• [Problem to work on]:
Pictures stay out of the copy; set down each line of the listing below exactly.

• [Data]:

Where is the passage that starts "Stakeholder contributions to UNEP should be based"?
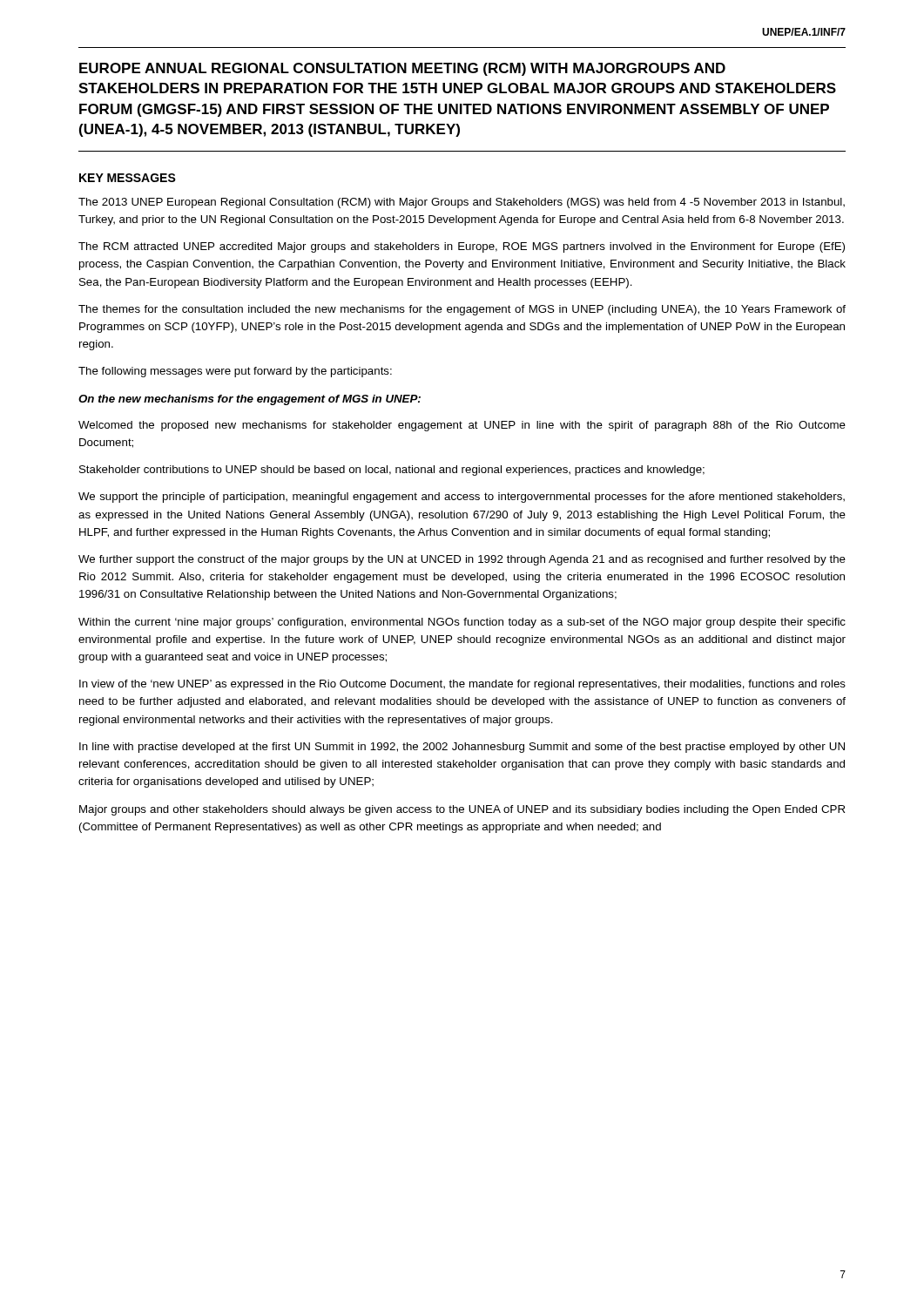(x=392, y=469)
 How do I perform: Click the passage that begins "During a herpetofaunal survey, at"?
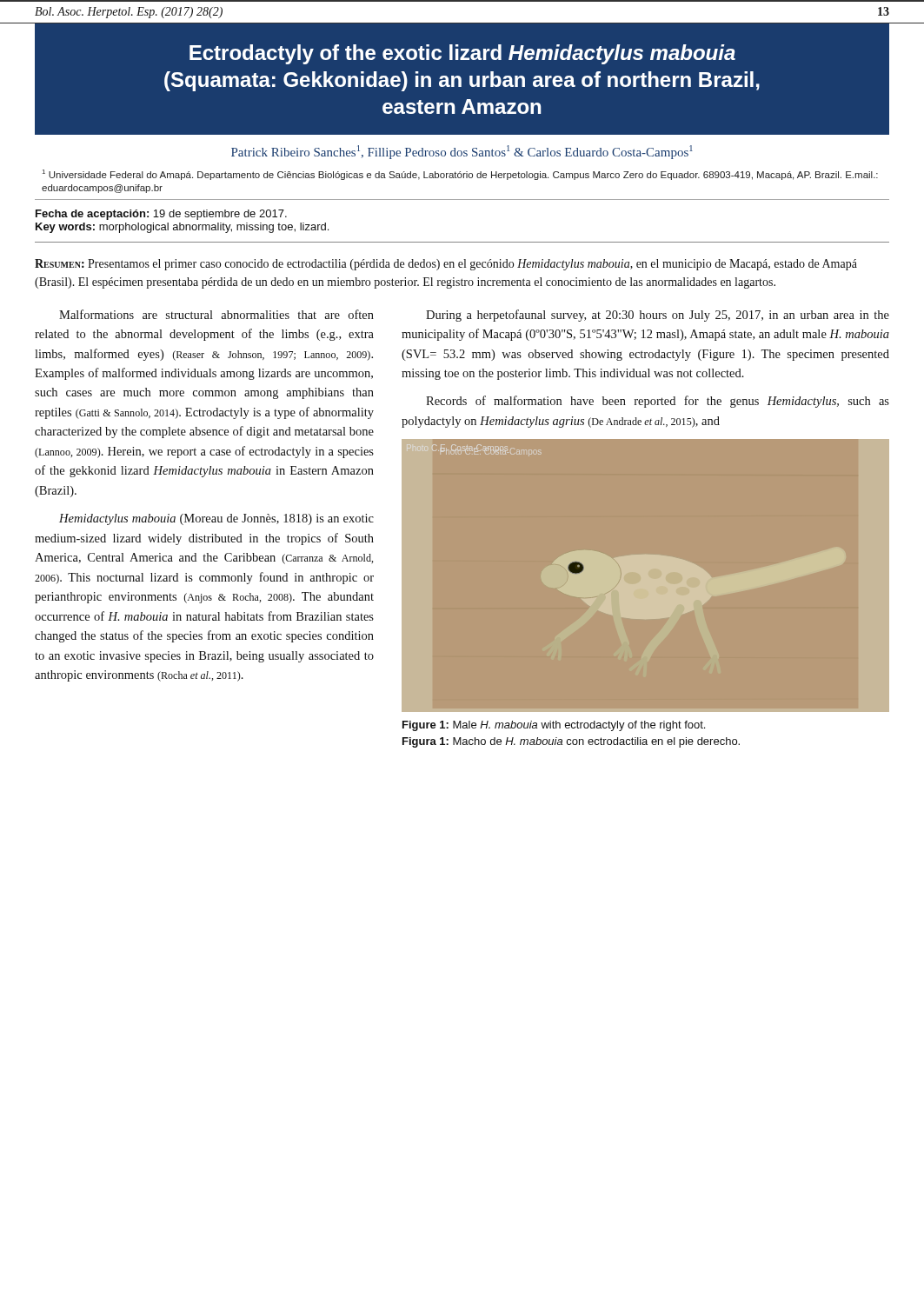click(x=645, y=344)
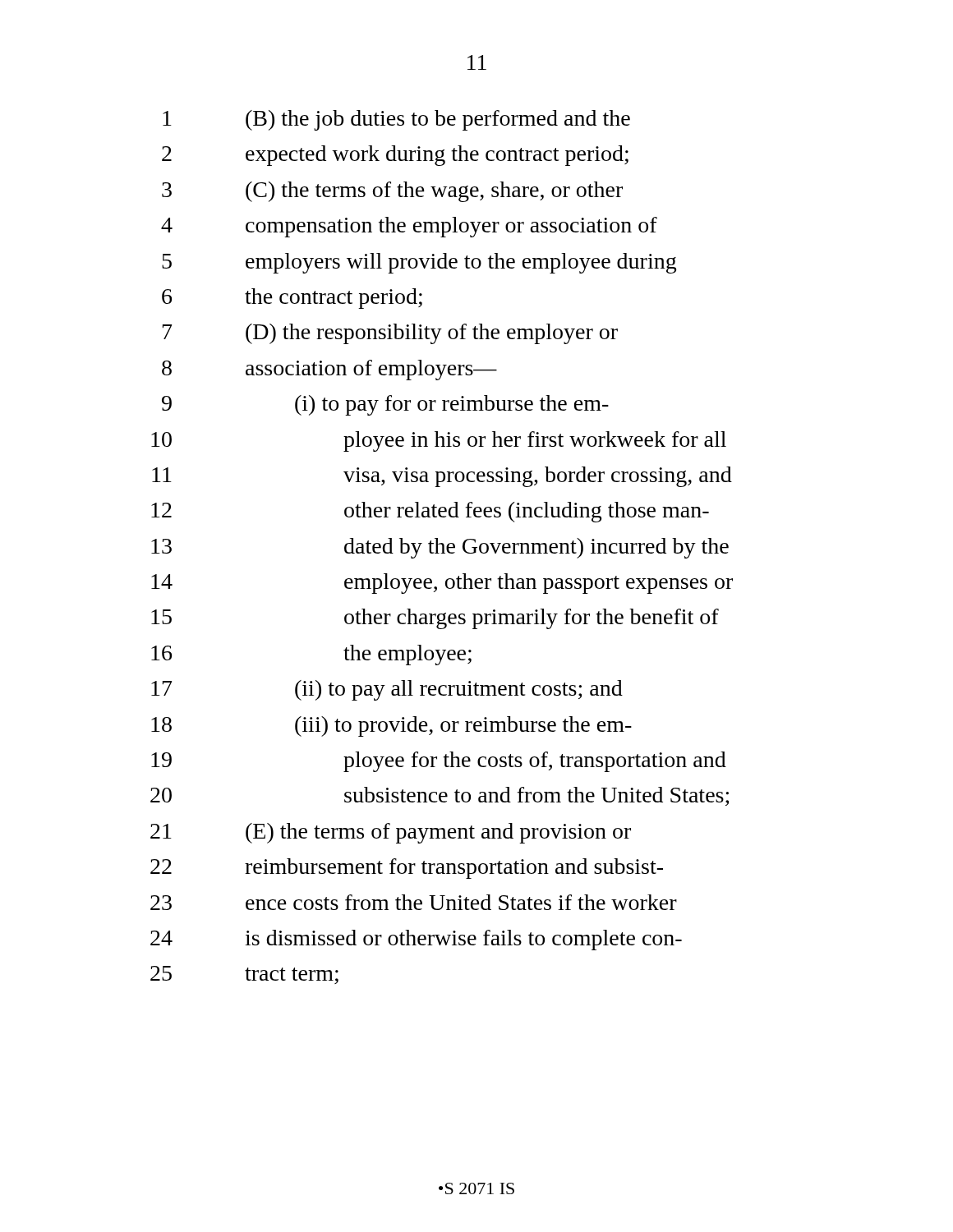The height and width of the screenshot is (1232, 953).
Task: Locate the list item containing "18 (iii) to"
Action: coord(476,724)
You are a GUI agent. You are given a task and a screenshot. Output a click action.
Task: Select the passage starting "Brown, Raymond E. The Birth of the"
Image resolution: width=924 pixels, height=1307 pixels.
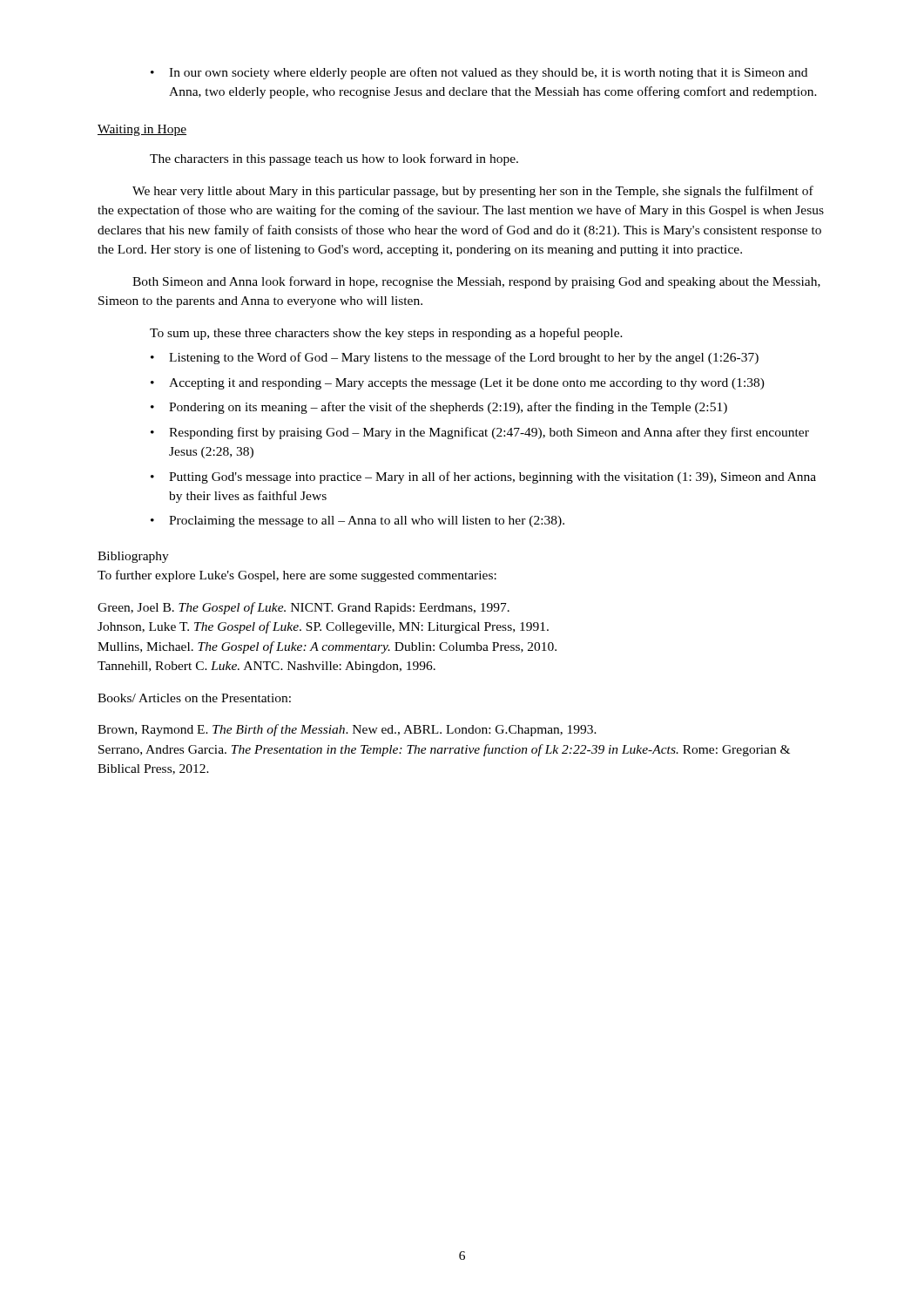point(462,749)

• [Solution for this problem]:
Where is the passage that starts "Stakeholder contributions to UNEP should be based"?
(x=392, y=469)
 How do I perform: Click the passage that begins "During a herpetofaunal survey, at"?
click(x=645, y=344)
The height and width of the screenshot is (1232, 953).
Task: Locate the list item containing "18 (iii) to"
Action: coord(476,724)
You are a GUI agent. You are given a task and a screenshot. Output a click action.
Task: Select the passage starting "Brown, Raymond E. The Birth of the"
Image resolution: width=924 pixels, height=1307 pixels.
point(462,749)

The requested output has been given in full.